The Group cannot cover all risks, however, and new ones could arise owing to various unforeseen factors, including those relating to changes in future economic conditions and in the industry climate.
These contents were excerpted from the Securities Report published on June 30, 2017.
1. Credit risk
Risk of increase in allowance for doubtful accounts
The Company anticipates that allowance for doubtful accounts will increase as the total amount of receivables grows and a certain percentage of receivables falls into arrears. In the case that the Company were to increase its provision of allowance for doubtful accounts in response to such unavoidable factors as economic trends and an increase in personal bankruptcy filings, there is the possibility that this may affect the Company's operating performance.
Claims for the repayment of excess interest are likely to have a minimal impact on the Company's operating performance since the Company complied with the interest rate ceilings stipulated in the Interest Limitation Law.
Member store risk
There is the possibility that member stores may fall into bankruptcy owing to deterioration in financial soundness, and that such stores may cease the provision of services or the delivery of goods to the Company's customers. If this were to happen, there is the possibility that the Company may become the subject of litigation by customers. In such cases, the Company may suffer damage, which may affect its operating performance.

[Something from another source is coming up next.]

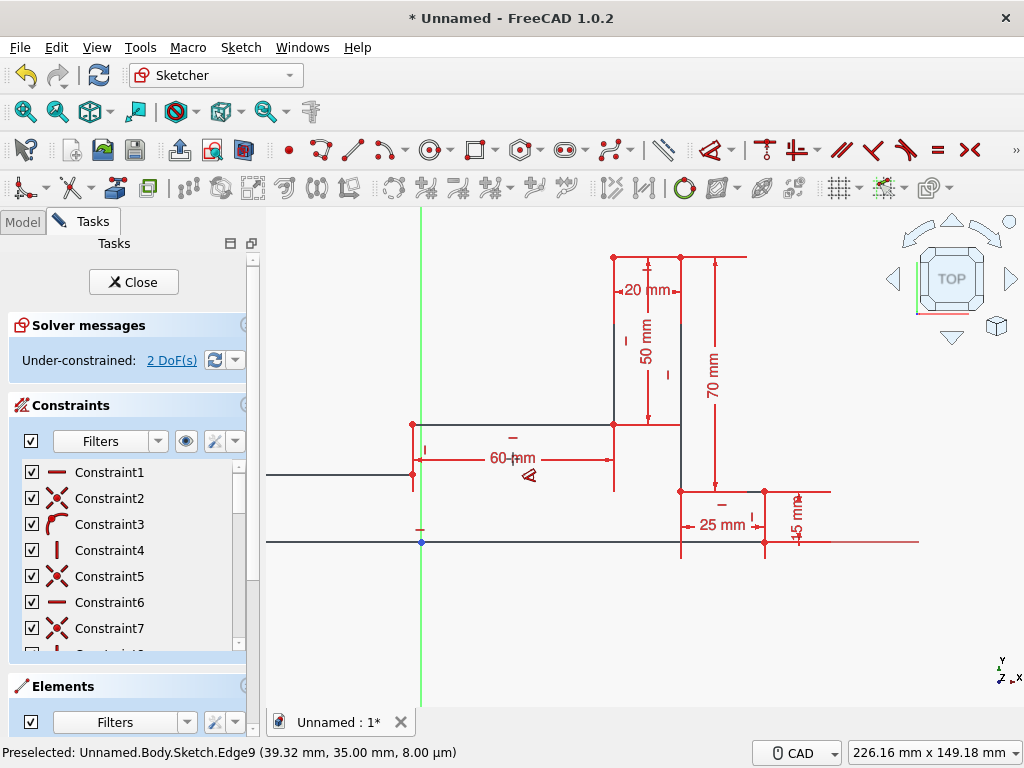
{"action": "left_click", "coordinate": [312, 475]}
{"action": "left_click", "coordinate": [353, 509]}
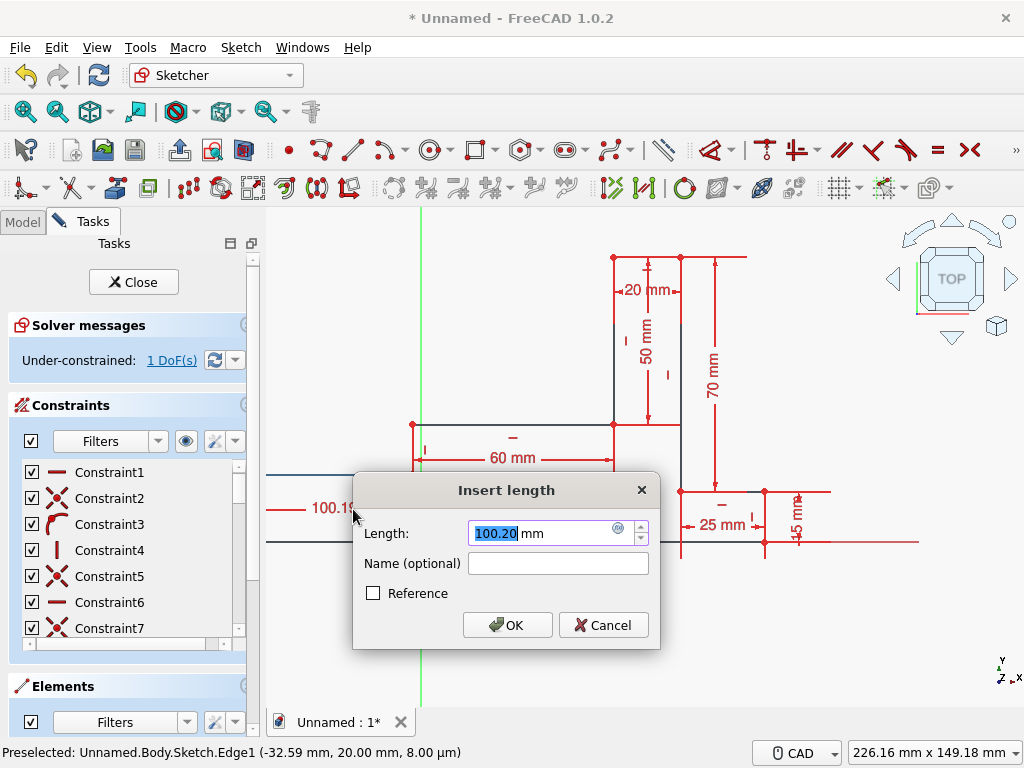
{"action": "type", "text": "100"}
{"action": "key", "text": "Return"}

Pursuant to a revision of the Installment Sales Law in 2008, if a specified-contract member store were to engage in inappropriate sales activity (excessive-volume sales, misrepresentation, etc.), customers subject to such behavior would be able to withdraw their declaration of intent regarding the application to enter into a contract with the seller. If inappropriate sales activity were recognized to have occurred, affected customers could claim refunds from the credit company. Furthermore, through the revision of the Installment Sales Law promulgated in December 2016, in the future credit card operations are also subject to a registration system, and regulatory agencies will carry out examinations regarding credit card member store countermeasures in such areas as fraudulent sales and security. Consequently, if there were an increase in inappropriate sales activity by member stores, the Company may suffer damage, which may affect its operating performance.
2. Market-related risk
Risk of increase in funding interest rates
As of March 31, 2017, the Group's overall fund procurement (including straight corporate bonds and commercial paper) fixed interest rate ratio (including swaps) stood at 48.7%, and the floating interest rate ratio stood at 51.3%. While funding interest rates fluctuate according to market trends, interest rates applied to loans extended by the Company and transaction conditions between the Company and member stores and customers in its credit card operations and installment sales finance operations are determined comprehensively through a variety of factors, including competitive conditions, and furthermore are contingent upon changes in member rules and contracts. Consequently, since a time lag arises before any increase in interest rates is reflected in transaction conditions, a change in the financial situation leading to funding interest rate fluctuations may affect the Group's operating performance. As of March 31, 2017, the Company has received the following credit ratings from Japan Credit Rating Agency, Ltd. (JCR), and Rating and Investment Information, Inc. (R&I): Long-term bonds both A-, commercial paper J-1 (JCR) and a-1 (R&I). The Company's commercial paper issuing limit is set at ¥400 billion, and the Company is able to raise funds at low interest rates in accordance with conditions in the financial markets. However, if the Group's operating performance were to deteriorate, its credit ratings and creditworthiness would be downgraded and it would be forced to raise funds at higher interest rates than normal. Consequently, the Company would face higher funding costs from capital markets and financial institutions, which may affect its operating performance.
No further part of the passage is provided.